Sunset clauses turn preferential shares into ordinary ones after a period of time – usually seven years – or when the owner of such shares dies or becomes incapacitated. Should such shares be sold, the preferential voting rights cannot be transferred. As such, founders who are considering listing their companies with DCS should expect to outperform non-DCS companies post-IPO, but they should be mindful that perpetual DCS are unlikely to be beneficial long-term.
Together with Associate Professor Zhang Wei and SMU postdoctoral fellow Phuong Nguyen, Professor Liang also examined the following question: How will a change in listing rules worldwide, especially in Hong Kong and Singapore, affect investor expectation and the competitive landscape in the technological industries in Asia? He answers that question by looking at two dimensions: the competition channel and the capital channel.
“If investors, on average, favour DCS, we expect the prospect of allowing DCS listings in a market to lower the shareholder value of existing listed firms, as they cannot convert to DCS,” he wrote, articulating the competition channel. “In contrast, if investors see DCS as harmful to firm value, due to governance concerns, we expect investors in listed peer firms to react positively to the potential regulatory changes, as they are better protected.”
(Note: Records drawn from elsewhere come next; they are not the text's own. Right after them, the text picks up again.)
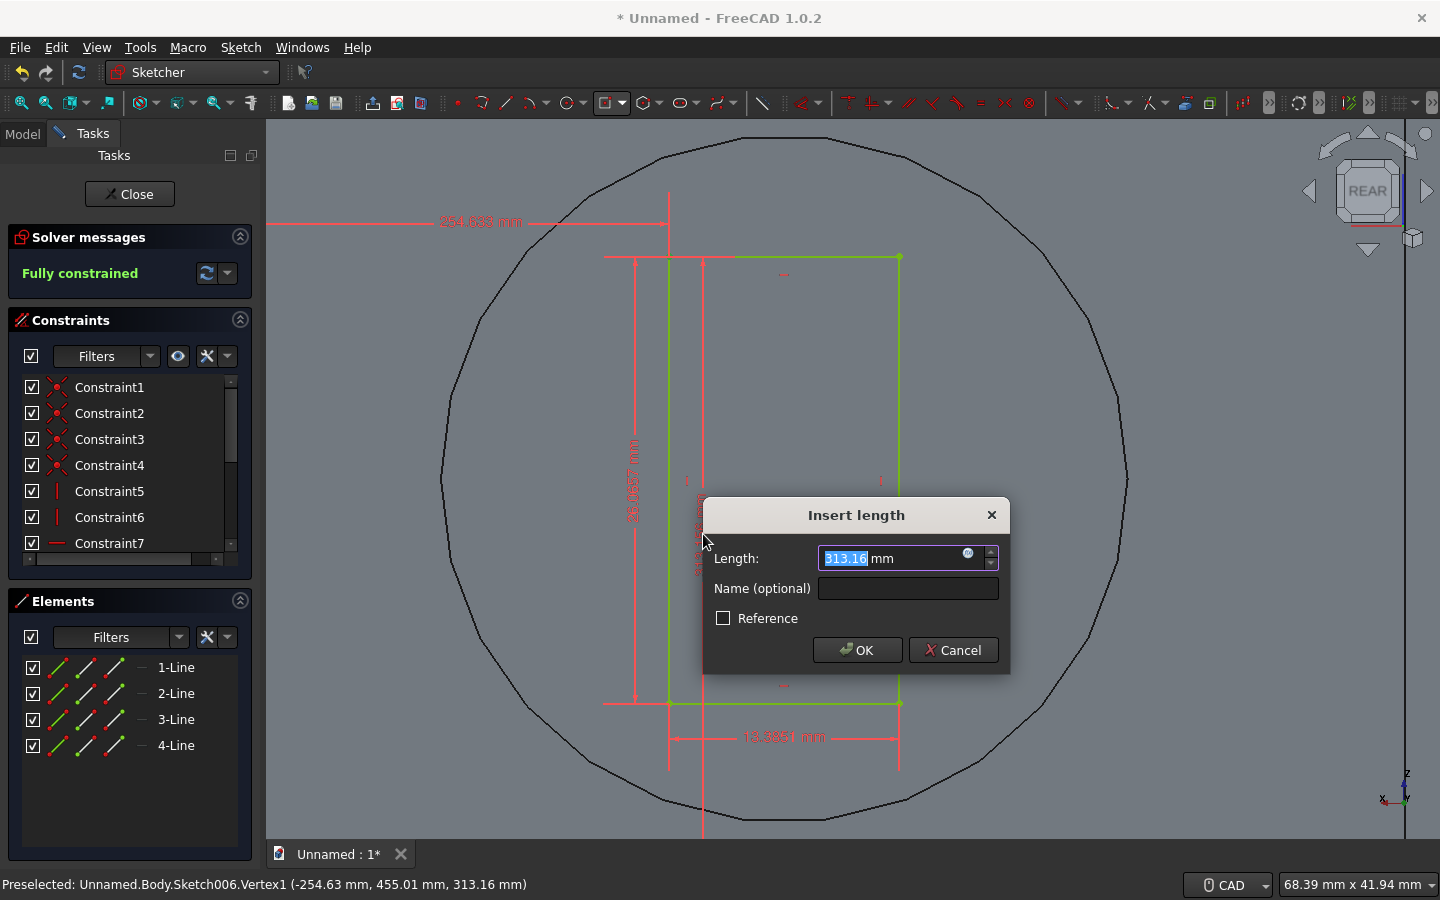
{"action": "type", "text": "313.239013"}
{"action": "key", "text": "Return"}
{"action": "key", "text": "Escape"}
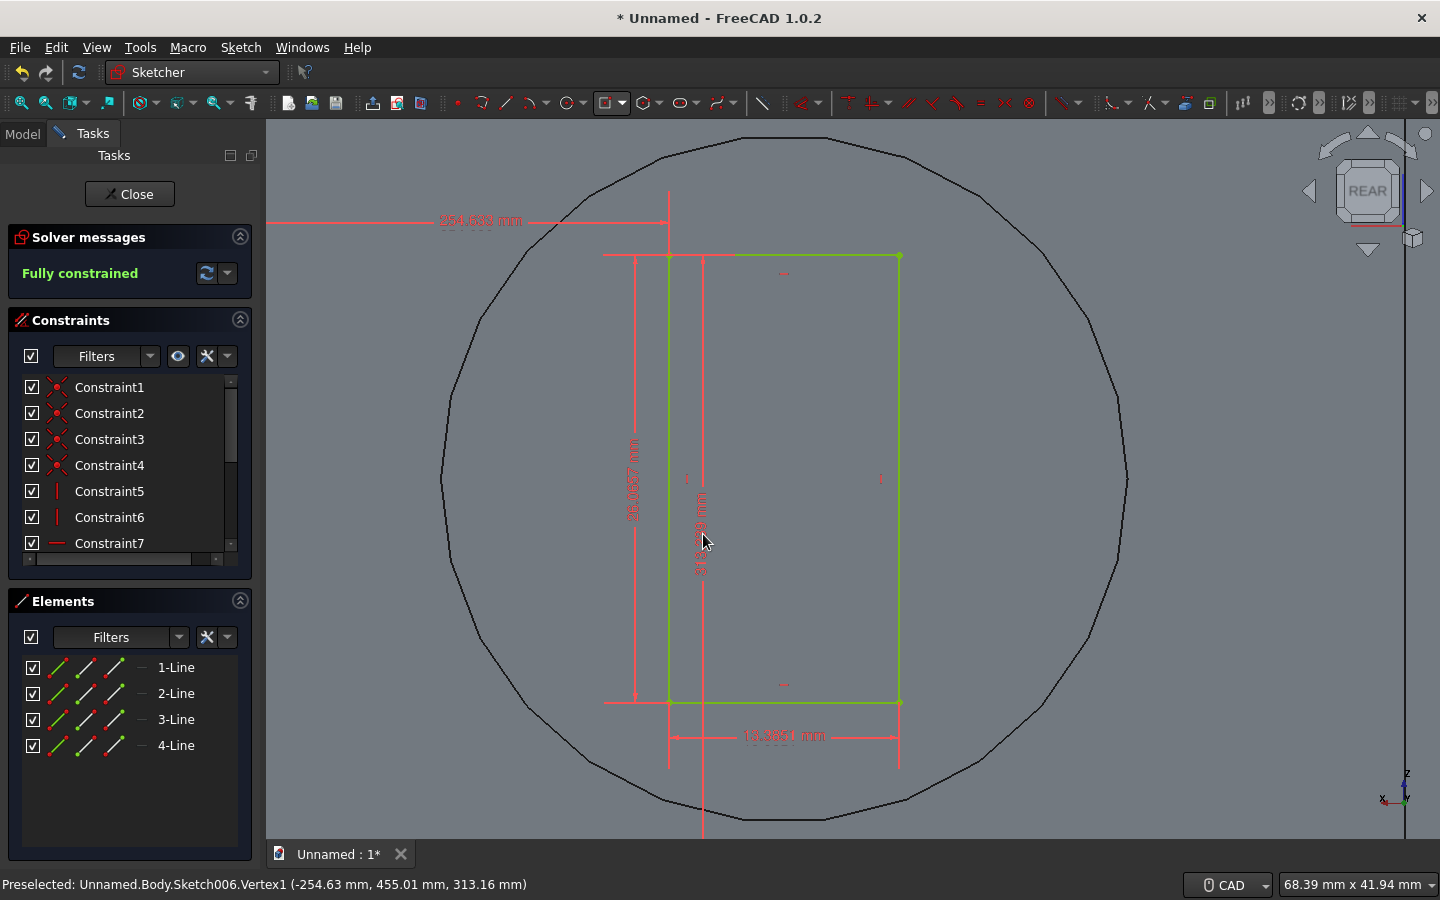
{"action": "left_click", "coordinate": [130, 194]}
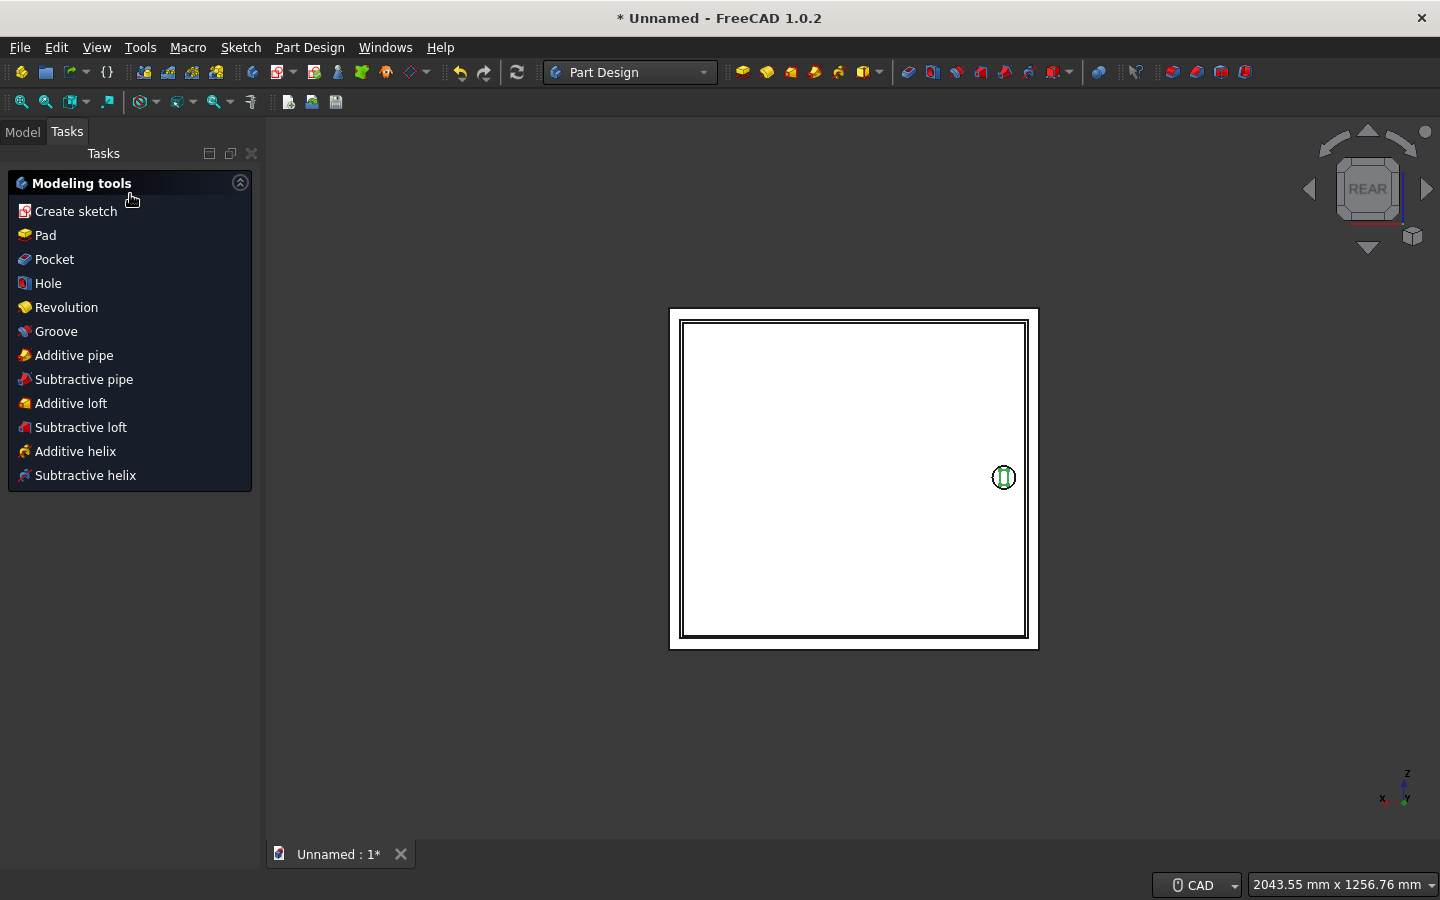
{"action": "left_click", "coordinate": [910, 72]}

As it turned out, share prices of existing high-tech listed firms on SEHK lost ground between 2015 and 2017 when the stock exchange discussed permitting DCS listings, suggesting favourable investor expectations of companies with dual-class shares. But by the time Xiaomi listed in 2018, it became clear that “the regulatory change would enable all tech firms to attract more institutional capital”, and returns of incumbent high-tech firms listed in Hong Kong rose significantly, wrote Professor Liang of the capital channel. A rising tide of institutional capital lifts all boats, but technology firms, both with and without DCS, will benefit disproportionately.
Investors and regulators must decide
Despite these findings, concerns over corporate governance remain front and centre. With Southeast Asia generating its fair share of unicorns in recent years (Carsome, Grab, Bukalapak etc.), the topic of dual-class shares is unlikely to go away. Professor Liang cites former Google CEO Eric Schmidt telling critics of Google’s DCS structure – he owns over eight percent of preferred shares – to not buy its stocks if they do not approve of it; they will simply miss out on the exponential growth that has driven it to become one of the biggest companies in the world less than 30 years from its founding.
“If investors are concerned about governance, they will stop buying a stock, the company will become less and less popular, and over time the company will die out. We call this equilibrium,” observes Professor Liang. “That was what happened before Google’s [explosive post-IPO growth]. But if investors don’t care about that, they care more about the benefits, or they think the benefits outweigh the cost, then they’ll just keep on buying Google and other dual-class share companies.”